For all the different kind of searches, results are organized around the FST page. When coming to the FST page from searching GenBank accession number or from the BLAST search result page, only the corresponding FST is displayed. If there are more than one insertion from the same line, a link to showing all the insertions of the line is given. When coming to the FST page from searching line ID, all the insertions of the line are shown and for each insertion the best FST is displayed.
AVAILABILITY
The GABI-Kat SimpleSearch database is freely available at http://www.GABI-Kat.de and can be queried through the web interface described above. The FST data were submitted to EMBL/GenBank/DDBJ as genomic survey sequence, and can also be downloaded in a flat file format from our web site. Finally, users can find our FST data at external A.thaliana web sites such as MIPS MAtDB (19), FLAGdb++(20) and SIGnAL (10). However, it is worth noting that minor differences do exist in the FST annotation on these sites when compared with SimpleSearch as they do not necessarily use an identical annotation procedure. Also, the external databases that rely on the FST data in GenBank may indicate the existence of an insertion in a given gene, but the respective line is dead which in turn means that the insertion allele described by the FST does not exist any more.
DISCUSSION
FST-based insertion mutant databases exist for various species for which insertional mutagenesis could be carried out in large scale. For A.thaliana, most of the insertion mutant databases were initially developed for holding the data generated in their own projects. While they are quite similar in the FST annotation and query interface, each database has its own unique features. Like GABI-Kat SimpleSearch, FLAGdb initially was a project database of mapped FSTs from the Versailles T-DNA population (8).
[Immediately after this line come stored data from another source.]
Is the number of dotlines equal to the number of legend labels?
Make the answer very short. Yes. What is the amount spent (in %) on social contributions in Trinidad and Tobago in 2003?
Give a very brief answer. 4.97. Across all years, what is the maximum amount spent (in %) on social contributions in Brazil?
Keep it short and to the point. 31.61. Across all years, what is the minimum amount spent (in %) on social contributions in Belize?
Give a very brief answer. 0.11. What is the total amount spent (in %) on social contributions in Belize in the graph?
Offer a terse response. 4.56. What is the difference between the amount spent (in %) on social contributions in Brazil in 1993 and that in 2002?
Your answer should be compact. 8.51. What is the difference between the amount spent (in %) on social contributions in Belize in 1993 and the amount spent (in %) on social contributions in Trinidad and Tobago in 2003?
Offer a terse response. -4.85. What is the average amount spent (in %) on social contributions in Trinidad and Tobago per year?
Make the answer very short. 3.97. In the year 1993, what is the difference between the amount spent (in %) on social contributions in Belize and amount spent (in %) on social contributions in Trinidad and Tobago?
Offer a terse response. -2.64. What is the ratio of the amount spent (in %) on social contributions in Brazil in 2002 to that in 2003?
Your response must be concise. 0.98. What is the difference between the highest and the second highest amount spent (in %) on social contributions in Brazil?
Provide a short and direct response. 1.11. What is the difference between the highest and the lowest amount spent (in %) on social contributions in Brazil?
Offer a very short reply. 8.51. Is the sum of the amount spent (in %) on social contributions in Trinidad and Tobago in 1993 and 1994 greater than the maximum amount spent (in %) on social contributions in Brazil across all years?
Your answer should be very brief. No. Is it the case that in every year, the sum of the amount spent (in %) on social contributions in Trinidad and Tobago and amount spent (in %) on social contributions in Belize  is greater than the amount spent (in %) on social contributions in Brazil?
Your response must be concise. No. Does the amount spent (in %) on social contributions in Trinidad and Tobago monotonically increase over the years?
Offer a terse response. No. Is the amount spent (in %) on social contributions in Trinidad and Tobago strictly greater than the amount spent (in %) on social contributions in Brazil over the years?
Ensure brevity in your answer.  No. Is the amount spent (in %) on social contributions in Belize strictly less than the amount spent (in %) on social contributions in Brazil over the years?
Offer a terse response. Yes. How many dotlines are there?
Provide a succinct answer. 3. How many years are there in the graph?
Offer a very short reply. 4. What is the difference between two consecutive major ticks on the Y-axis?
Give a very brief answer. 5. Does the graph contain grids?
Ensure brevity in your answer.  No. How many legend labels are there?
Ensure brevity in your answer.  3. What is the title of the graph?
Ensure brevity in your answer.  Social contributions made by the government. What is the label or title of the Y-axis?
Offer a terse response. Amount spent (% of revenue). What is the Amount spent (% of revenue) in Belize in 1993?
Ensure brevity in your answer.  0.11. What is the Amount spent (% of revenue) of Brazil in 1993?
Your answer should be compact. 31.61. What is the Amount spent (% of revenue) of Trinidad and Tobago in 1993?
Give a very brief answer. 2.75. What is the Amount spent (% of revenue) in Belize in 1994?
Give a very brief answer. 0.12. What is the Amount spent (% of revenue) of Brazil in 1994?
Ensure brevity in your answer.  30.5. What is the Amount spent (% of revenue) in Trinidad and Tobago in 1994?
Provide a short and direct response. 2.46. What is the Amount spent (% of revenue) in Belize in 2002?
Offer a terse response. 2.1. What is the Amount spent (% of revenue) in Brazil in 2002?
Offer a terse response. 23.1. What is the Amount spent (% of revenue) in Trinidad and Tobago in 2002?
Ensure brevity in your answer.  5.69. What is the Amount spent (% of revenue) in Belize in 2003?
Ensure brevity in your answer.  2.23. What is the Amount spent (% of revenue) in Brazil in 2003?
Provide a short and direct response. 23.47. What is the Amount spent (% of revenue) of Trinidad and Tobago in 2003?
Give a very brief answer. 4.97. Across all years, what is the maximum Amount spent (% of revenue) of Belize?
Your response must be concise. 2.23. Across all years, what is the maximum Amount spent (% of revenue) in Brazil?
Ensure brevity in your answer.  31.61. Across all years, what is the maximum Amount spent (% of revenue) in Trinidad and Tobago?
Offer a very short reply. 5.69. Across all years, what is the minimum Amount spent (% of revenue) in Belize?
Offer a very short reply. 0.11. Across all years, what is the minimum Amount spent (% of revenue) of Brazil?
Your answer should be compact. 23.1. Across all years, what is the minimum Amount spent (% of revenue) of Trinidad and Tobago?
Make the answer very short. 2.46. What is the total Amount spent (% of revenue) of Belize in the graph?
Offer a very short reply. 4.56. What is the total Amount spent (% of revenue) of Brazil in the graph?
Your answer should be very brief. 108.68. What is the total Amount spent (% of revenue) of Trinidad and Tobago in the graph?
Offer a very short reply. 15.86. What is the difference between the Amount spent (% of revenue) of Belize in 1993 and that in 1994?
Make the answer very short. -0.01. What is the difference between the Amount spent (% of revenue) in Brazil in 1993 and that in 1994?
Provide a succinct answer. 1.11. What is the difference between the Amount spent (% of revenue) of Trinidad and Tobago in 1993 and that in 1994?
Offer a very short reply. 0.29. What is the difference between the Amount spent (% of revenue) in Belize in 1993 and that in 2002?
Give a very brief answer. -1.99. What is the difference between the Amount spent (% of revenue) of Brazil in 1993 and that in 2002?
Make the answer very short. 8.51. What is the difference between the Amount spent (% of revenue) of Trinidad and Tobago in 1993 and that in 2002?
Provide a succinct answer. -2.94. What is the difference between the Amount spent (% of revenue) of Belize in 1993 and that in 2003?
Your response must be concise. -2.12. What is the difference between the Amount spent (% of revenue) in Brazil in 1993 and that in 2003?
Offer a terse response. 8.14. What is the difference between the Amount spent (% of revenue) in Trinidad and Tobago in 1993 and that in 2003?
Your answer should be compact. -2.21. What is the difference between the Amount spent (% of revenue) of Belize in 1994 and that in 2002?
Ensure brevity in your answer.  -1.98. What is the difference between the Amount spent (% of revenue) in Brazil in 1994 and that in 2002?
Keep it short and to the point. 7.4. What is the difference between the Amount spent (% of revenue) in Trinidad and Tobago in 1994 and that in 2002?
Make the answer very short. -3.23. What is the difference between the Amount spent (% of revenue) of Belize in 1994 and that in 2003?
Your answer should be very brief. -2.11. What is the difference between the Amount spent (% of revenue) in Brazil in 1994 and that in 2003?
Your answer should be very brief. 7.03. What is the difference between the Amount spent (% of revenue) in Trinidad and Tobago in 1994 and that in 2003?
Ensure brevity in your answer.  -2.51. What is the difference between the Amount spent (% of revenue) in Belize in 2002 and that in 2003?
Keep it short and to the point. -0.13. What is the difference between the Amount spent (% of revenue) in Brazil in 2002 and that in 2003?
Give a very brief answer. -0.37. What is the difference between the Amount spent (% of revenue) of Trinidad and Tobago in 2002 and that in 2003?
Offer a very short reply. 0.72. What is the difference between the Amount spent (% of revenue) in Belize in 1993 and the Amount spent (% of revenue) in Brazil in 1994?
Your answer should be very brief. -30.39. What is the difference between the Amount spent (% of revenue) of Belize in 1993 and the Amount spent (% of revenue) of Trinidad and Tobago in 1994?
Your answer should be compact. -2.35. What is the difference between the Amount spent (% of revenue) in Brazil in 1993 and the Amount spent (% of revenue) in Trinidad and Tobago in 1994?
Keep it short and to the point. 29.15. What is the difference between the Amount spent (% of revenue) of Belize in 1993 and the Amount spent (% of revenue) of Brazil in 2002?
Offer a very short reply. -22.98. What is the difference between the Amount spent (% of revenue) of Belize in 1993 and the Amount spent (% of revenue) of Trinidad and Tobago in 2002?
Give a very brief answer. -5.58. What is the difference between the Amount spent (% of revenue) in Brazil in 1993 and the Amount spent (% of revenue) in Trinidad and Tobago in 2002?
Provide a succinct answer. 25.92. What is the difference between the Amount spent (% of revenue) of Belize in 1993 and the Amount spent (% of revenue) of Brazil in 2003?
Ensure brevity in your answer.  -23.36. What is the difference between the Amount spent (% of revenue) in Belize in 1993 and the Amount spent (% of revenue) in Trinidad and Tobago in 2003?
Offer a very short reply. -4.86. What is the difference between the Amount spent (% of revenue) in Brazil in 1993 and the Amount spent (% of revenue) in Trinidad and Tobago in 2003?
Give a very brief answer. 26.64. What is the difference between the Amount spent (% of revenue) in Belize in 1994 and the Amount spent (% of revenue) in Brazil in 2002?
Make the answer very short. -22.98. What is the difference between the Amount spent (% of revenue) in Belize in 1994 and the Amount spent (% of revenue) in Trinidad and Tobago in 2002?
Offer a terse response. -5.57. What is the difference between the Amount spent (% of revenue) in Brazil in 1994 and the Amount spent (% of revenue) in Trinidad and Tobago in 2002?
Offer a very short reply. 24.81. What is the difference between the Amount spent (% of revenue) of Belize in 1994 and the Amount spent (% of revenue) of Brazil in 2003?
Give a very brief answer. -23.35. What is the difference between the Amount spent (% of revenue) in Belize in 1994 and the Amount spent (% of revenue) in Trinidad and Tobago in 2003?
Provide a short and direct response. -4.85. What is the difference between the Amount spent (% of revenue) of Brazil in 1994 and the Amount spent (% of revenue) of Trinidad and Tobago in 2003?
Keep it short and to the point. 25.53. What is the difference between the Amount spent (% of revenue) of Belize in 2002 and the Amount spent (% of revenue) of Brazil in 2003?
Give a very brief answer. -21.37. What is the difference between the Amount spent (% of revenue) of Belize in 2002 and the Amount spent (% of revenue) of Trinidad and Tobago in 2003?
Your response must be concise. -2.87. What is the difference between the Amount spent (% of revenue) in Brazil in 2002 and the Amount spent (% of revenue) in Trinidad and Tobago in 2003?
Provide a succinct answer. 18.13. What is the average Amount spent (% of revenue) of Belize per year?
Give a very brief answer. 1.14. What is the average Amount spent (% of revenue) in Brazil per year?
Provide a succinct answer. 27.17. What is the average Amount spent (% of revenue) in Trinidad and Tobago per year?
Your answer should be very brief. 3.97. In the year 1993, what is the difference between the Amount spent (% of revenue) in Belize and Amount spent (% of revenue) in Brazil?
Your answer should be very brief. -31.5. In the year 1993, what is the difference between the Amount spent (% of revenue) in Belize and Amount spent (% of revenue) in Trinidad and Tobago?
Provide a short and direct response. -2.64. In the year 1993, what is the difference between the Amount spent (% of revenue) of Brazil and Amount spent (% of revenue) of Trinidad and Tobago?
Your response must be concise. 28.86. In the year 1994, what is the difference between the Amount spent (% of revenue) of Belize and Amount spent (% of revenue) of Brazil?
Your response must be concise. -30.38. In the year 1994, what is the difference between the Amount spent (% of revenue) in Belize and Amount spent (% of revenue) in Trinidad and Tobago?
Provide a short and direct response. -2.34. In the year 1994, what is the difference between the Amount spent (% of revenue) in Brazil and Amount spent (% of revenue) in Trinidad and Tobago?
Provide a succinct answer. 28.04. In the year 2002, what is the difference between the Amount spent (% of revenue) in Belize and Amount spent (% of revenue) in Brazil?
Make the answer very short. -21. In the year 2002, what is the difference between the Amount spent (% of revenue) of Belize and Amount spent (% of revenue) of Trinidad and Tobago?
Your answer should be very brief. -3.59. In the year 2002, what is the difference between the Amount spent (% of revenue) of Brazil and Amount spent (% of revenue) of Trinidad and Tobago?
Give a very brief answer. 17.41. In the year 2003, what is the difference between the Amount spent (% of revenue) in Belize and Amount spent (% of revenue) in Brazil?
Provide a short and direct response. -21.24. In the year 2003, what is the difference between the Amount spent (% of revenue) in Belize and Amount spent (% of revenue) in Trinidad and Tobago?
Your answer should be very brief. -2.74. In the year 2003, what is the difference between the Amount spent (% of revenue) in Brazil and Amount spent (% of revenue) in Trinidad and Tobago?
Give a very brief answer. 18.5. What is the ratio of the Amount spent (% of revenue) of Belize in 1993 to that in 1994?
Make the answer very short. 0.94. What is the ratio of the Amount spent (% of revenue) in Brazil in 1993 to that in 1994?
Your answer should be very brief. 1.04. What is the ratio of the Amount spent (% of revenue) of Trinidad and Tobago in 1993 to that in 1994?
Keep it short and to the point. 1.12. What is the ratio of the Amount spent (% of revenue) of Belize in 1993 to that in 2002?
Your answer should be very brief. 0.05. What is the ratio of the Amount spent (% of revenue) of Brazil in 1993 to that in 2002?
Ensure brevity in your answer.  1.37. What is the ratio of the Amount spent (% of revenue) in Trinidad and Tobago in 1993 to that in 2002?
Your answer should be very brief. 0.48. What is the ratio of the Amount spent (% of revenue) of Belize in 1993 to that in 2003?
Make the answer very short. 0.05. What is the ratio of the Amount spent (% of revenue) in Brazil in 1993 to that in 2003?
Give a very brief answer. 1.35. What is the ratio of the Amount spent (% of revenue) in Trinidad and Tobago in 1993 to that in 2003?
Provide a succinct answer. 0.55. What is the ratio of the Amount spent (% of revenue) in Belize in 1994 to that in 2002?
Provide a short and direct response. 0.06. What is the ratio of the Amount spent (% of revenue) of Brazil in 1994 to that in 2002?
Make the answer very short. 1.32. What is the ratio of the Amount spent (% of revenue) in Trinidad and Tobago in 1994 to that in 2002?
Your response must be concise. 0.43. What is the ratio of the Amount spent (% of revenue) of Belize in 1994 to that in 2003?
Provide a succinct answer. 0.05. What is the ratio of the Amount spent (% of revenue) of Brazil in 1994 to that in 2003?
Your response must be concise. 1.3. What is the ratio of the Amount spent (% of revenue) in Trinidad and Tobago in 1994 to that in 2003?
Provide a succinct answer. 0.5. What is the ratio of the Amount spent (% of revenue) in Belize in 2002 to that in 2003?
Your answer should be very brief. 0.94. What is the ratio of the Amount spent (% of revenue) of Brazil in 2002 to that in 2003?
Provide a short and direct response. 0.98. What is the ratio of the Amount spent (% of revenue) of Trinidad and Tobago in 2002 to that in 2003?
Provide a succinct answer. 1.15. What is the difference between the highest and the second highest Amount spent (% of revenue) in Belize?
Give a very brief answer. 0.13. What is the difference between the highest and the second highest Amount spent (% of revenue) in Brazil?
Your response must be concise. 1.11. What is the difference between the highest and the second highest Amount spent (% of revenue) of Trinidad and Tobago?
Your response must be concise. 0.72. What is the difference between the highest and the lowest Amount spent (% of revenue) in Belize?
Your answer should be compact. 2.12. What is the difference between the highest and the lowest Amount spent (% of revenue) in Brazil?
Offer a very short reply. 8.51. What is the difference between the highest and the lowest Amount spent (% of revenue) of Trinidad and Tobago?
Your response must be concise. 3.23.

Currently, the FST data of FLAGdb has been integrated into FLAGdb++ (http://urgv.evry.inra.fr/projects/FLAGdb++/HTML/index.shtml), a database with JAVA front-end integrating different high-throughput functional genomics data for A.thaliana (20). ATIDB (Arabidopsis thaliana insertion database; http://atidb.org) is a federated database for archiving FSTs of transposon or T-DNA insertions for A.thaliana from different sources including SIGnAL, SAIL, GABI-Kat, FLAGdb and the John Innes Centre (21). Besides the various search options, ATIDB provides analysis tools to study the insertion distribution at a genome scale. The T-DNA Express at SIGnAL (http://signal.salk.edu/cgi-bin/tdnaexpress) is currently the most comprehensive database of mapped FSTs for A.thaliana (10). It integrates not only FSTs from sources collected by ATIDB mentioned above, but also include FST data from the Wisconsin T-DNA population (7) and the RIKEN transposon population (22). So far, >360 000 insertion sites have been stored in T-DNA Express, and cover ∼90% of all A.thaliana genes. The search interface at T-DNA Express provide different ways to access the insertion data. A useful tool at this site is ‘iSect toolbox’. Among the many functions this tool offers, a very important one is to design genomic primers to confirm the T-DNA insertions. Although the GABI-Kat SimpleSearch database concentrates on data generated from GABI-Kat, it allows searches and result presentations comparable to these large and complex databases.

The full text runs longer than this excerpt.